Oscar yi Hou and Russell Tovey on Kinks, Cranes, and Cowboys

“First white boy I’ve painted in a long time,” says Oscar yi Hou, the New York-based British artist, as he and Russell Tovey, the actor and host of the podcast Talk Art, walk through yi Hou’s new exhibition at the Brooklyn Museum, East of Sun, West of Moon. The 24-year-old painter is talking about a tender portrait of his boyfriend included in the exhibition, yi Hou’s first ever solo museum show, which came to fruition after the illustrious painter won the UOVO Prize, earning him a $25,000 unrestricted grant, a 50×50 ft mural on the company’s Bushwick facility, and this exhibition. In the portrait, a handsome white boy wears a cowboy hat and a soft pink shirt, half-buttoned up, his sleeves rolled and his arms crossed, conjuring the burly men of the mythical American West. The idea is a recurring one in yi Hou’s work, which often finds reference and inspiration in the schism between the artist’s Chinese heritage and the American dream, two subjects that came up frequently that morning at the museum, as he and Tovey surveyed the show and reminisced about how they first crossed paths.

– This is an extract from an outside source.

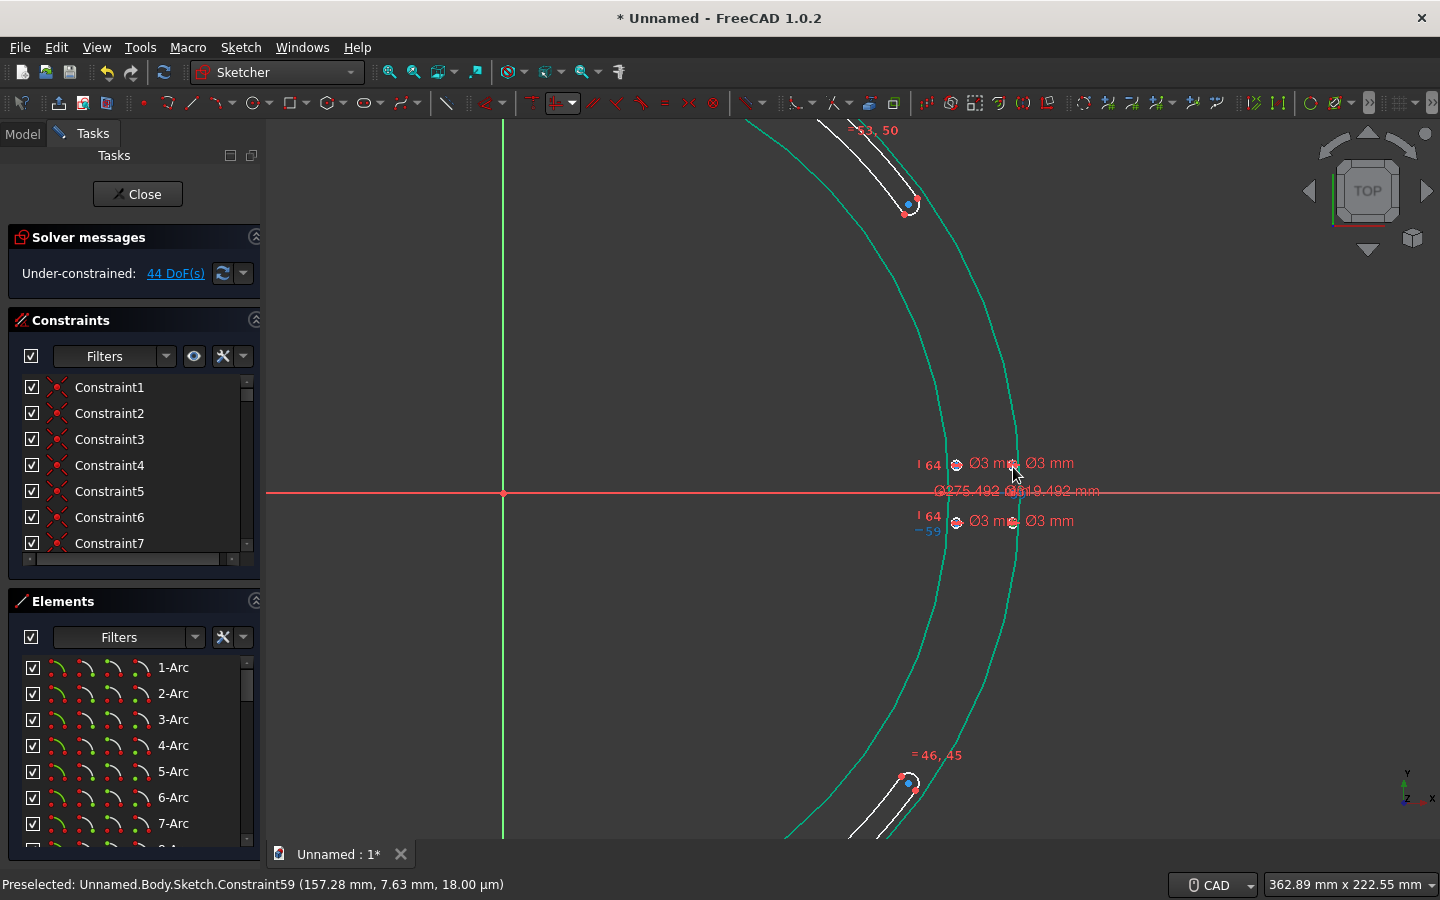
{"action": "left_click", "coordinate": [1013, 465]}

East of Sun, West of Moon features 11 original portraits by yi Hou of lovers, friends and himself, drawing from the works of Martin Wong, the prolific Chinese-American painter who lived in the Lower East Side and eventually died of complications from AIDS in 1999. “Martin Wong was the OG Gaysian Cowboy,” yi Hou remarked, as he and Tovey, who appears on the new season of American Horror Story: NYC, talked about leather kinks, making a living as an artist, and fucking twinks to death (on television).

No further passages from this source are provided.